### The data

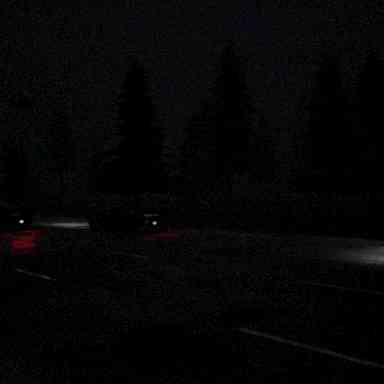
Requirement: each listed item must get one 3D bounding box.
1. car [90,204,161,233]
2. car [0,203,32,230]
[{"bbox_3d":[-4.038,1.491,19.771,4.902,1.511,2.128,0,0,36],"label":"car"},{"bbox_3d":[-12.143,1.504,21.254,4.892,1.490,1.837,0,0,36],"label":"car"}]
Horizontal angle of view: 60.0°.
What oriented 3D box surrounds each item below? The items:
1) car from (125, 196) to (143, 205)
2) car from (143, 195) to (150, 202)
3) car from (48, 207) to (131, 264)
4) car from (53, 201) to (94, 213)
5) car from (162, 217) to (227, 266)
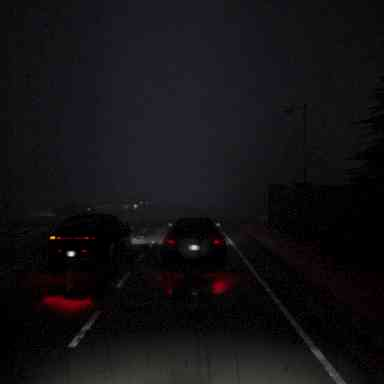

### The problem
Your answer must be an exact copy of the lines from the one with "Horizontal angle of view: 60.0°." through the final line of the data, both included, without any pictures.

### Answer box
Horizontal angle of view: 60.0°.
What oriented 3D box surrounds each item below? The items:
1) car from (125, 196) to (143, 205)
2) car from (143, 195) to (150, 202)
3) car from (48, 207) to (131, 264)
4) car from (53, 201) to (94, 213)
5) car from (162, 217) to (227, 266)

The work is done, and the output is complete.